Quando lemos com atenção um texto bem construído, não nos perdemos por entre os enunciados que o constituem, nem perdemos a noção de conjunto. Com efeito, é possível compreender a conexão existente entre os vários segmentos do texto e compreender que estão todos interligados entre si. (...) Diz-se, pois, que um texto tem coesão quando seus vários enunciados estão organicamente articulados entre si, quando há concatenização entre eles.
A coesão de um texto, isto é, a conexão entre os vários enunciados obviamente não é feito do acaso, mas surge das relações de sentido existente entre eles, manifestadas sobretudo por categorias de palavras chamadas de conectivos ou elementos de coesão e elementos anafóricos (de retomada ou antecipação de termos)
Leia o texto 3 a seguir observando a análise dos conectivos e anafóricos.
Texto 3
Um arriscado esporte nacional
Os leigos sempre se medicaram por conta própria, já que de médico e de louco todos temos um pouco, mas esse problema jamais adquiriu contornos tão preocupantes no Brasil como atualmente.

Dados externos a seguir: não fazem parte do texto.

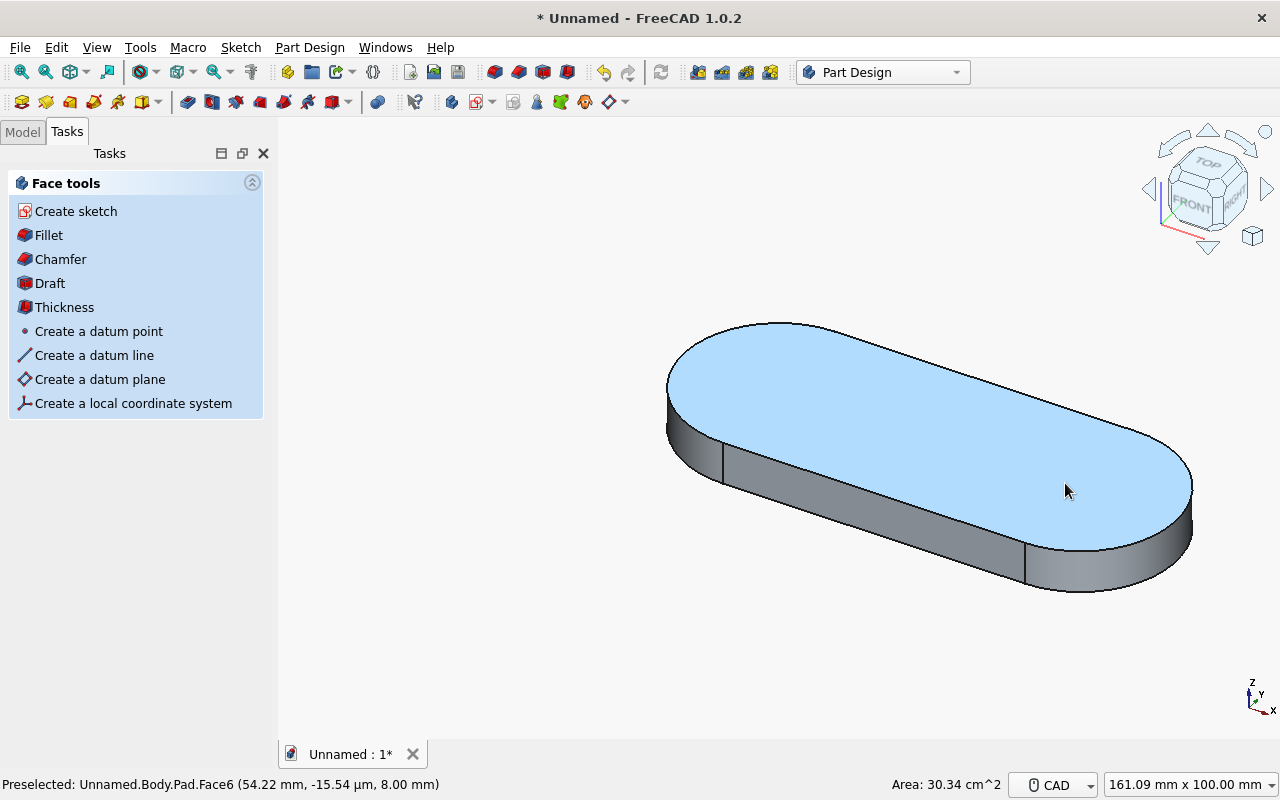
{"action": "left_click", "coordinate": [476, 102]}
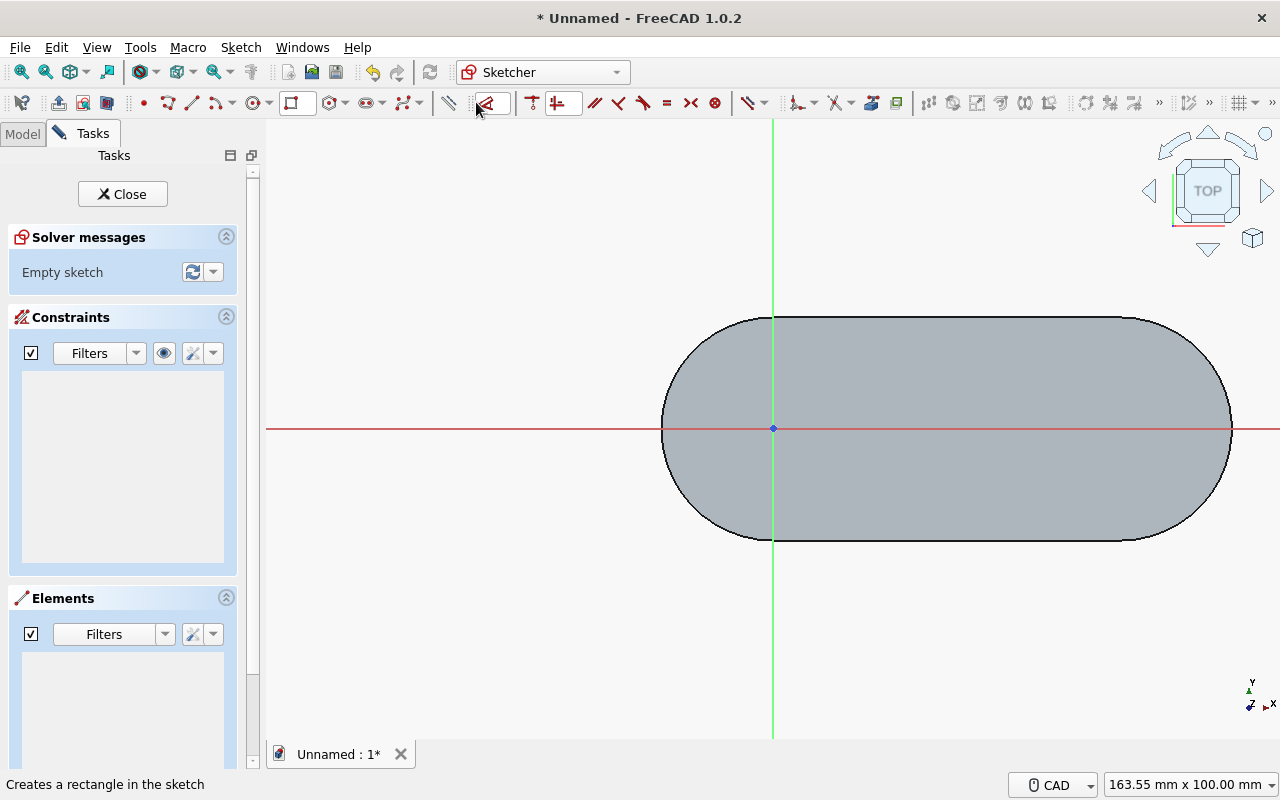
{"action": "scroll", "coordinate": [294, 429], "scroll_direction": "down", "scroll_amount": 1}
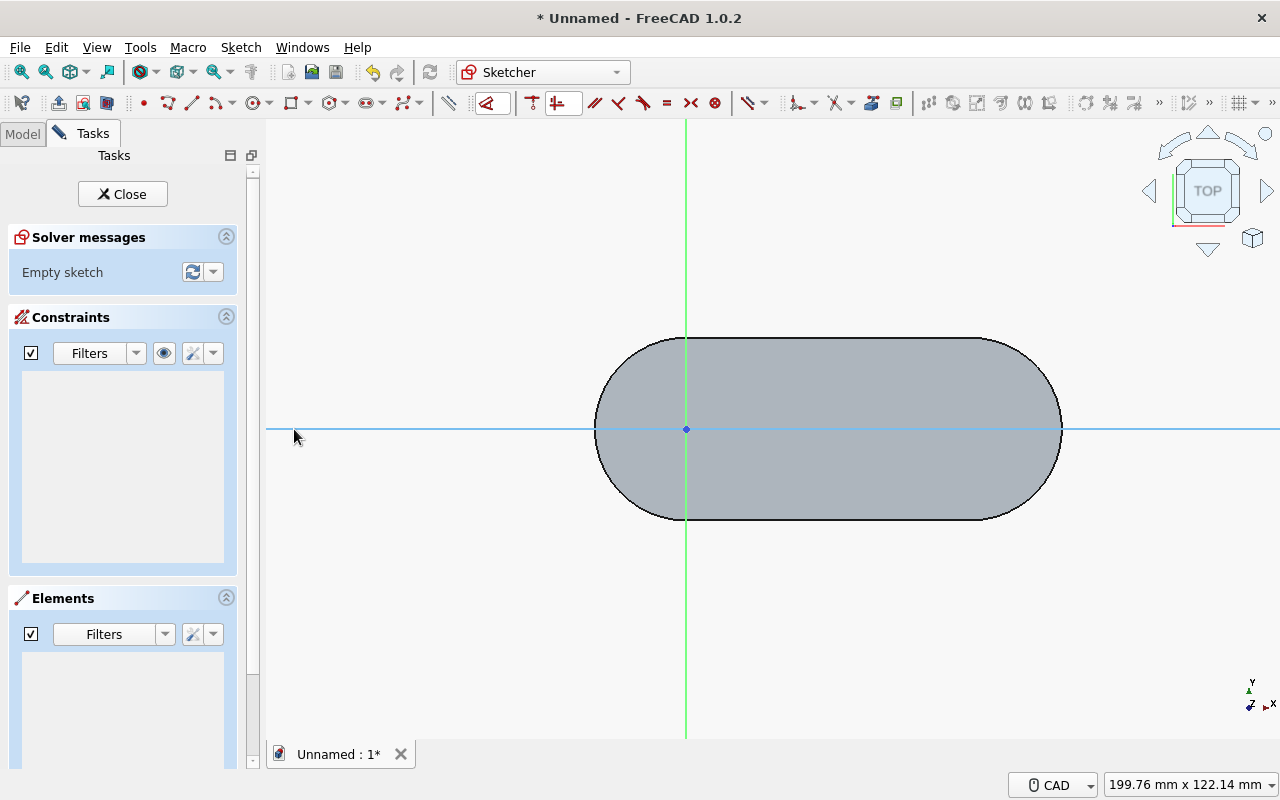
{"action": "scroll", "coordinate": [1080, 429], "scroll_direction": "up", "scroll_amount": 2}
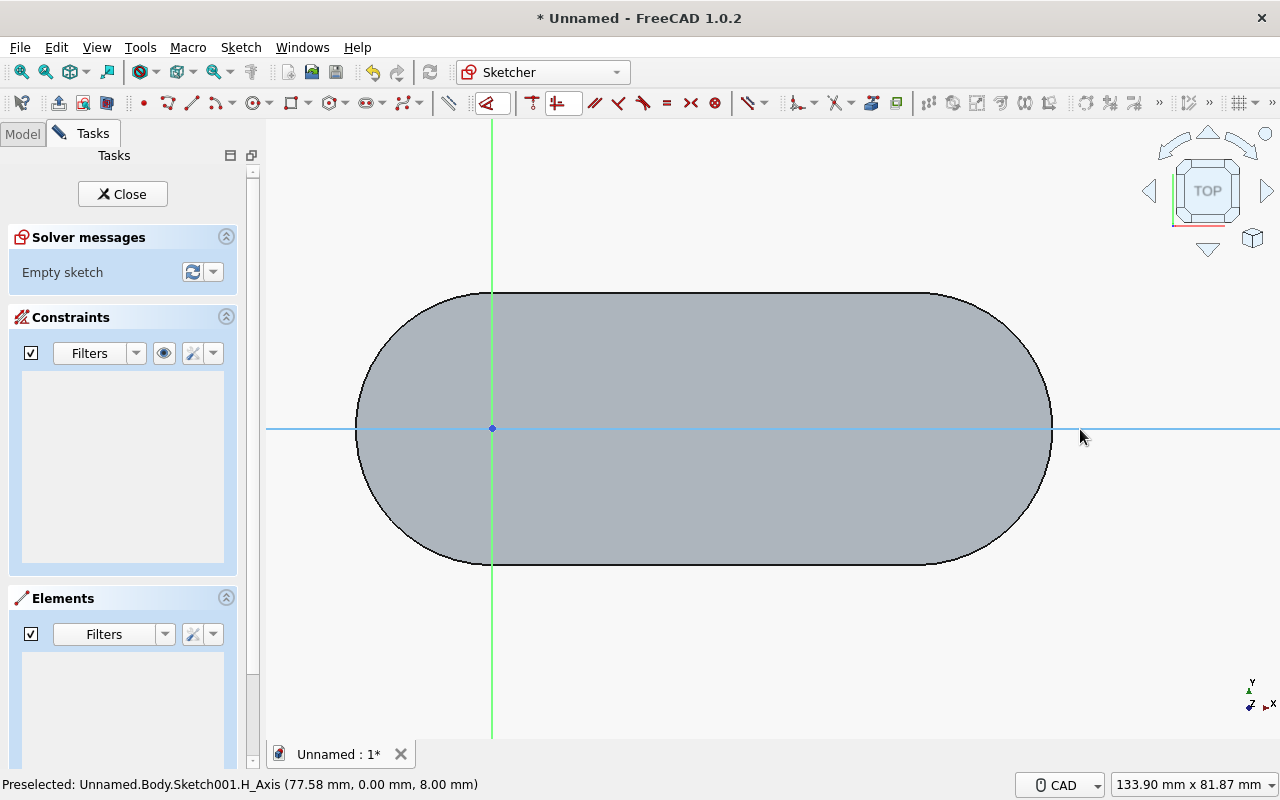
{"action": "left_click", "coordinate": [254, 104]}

Qualquer farmácia conta hoje com um arsenal de armas de guerra para combater doenças de fazer inveja à própria indústria de material bélico nacional. Cerca de 40% das vendas realizadas pelas farmácias nas metrópoles brasileiras destinam-se a pessoas que se automedicam. A indústria farmacêutica de menor porte retira 80% de seu faturamento da venda “livre” de seus produtos – isto é, das vendas sem receita médica.
Diante desse quadro, o médico tem o dever de alertar a população para os perigos ocultos em cada remédio, sem que, necessariamente, faça junto com essas advertências uma sugestão para que os entusiastas da automedicação passem a gastar mais em consultas médicas. Acredito que a maioria das pessoas se automedicam por sugestão de amigos, leitura, fascinação pelo mundo maravilhoso das drogas “novas” ou simplesmente para tentar manter a juventude. Qualquer que seja a causa, os resultados podem ser danosos.
É comum, por exemplo, que um simples resfriado ou uma gripe banal leve um brasileiro a ingerir doses insuficientes ou inadequadas de antibióticos fortíssimos, reservados para infecções graves e com indicação precisas. Quem age assim está ensinando bactérias a se tornarem resistentes a antibióticos. Um dia, quando realmente precisar do remédio, este não funcionará. E quem não conhece aquele tipo de gripado que chega à farmácia e pede ao rapaz do balcão que lhe indique uma “bomba” para cortar a gripe pela raiz? Com isso poderá receber analgésicos, antitérmicos, glicose, cálcio, vitamina C, produtos aromáticos – tudo isso sem saber dos riscos que corre pela entrada simultânea destes e outros produtos em seu organismo.
(In: PLATÃO; FIORIN. Para entender o texto: leitura e redação)
Analise as afirmativas a seguir sobre os elementos coesivos sublinhados no texto 3 em falsas ou verdadeiras.
I- “Já que” introduz uma consequência do que foi dito na oração anterior.
II- O conectivo “e” liga dois atributos que ocorrem simultaneamente.
III- “Um pouco” orienta no sentido da afirmação da propriedade. Opõe-se a “pouco”. Se se dissesse “de médico e de louco todos temos pouco”, a orientação seria no sentido de restrição da propriedade.
IV- “Que” é um anafórico cujo antecedente é “pessoas”.
V- “Isto é” introduz outra ideia a respeito da venda de remédios.
VI- “Ou” marca uma relação de simultaneidade: todos os elementos podem ocorrer simultaneamente.
VII- “E” introduz uma interrogação retórica que retoma a argumentação desenvolvida anteriormente.
VIII- “Tudo isso” é um anafórico e um afirmador de totalidade universal. Retoma os elementos citados no contexto imediatamente anterior: todos os elementos da “bomba” para cortar a gripe são perigosos.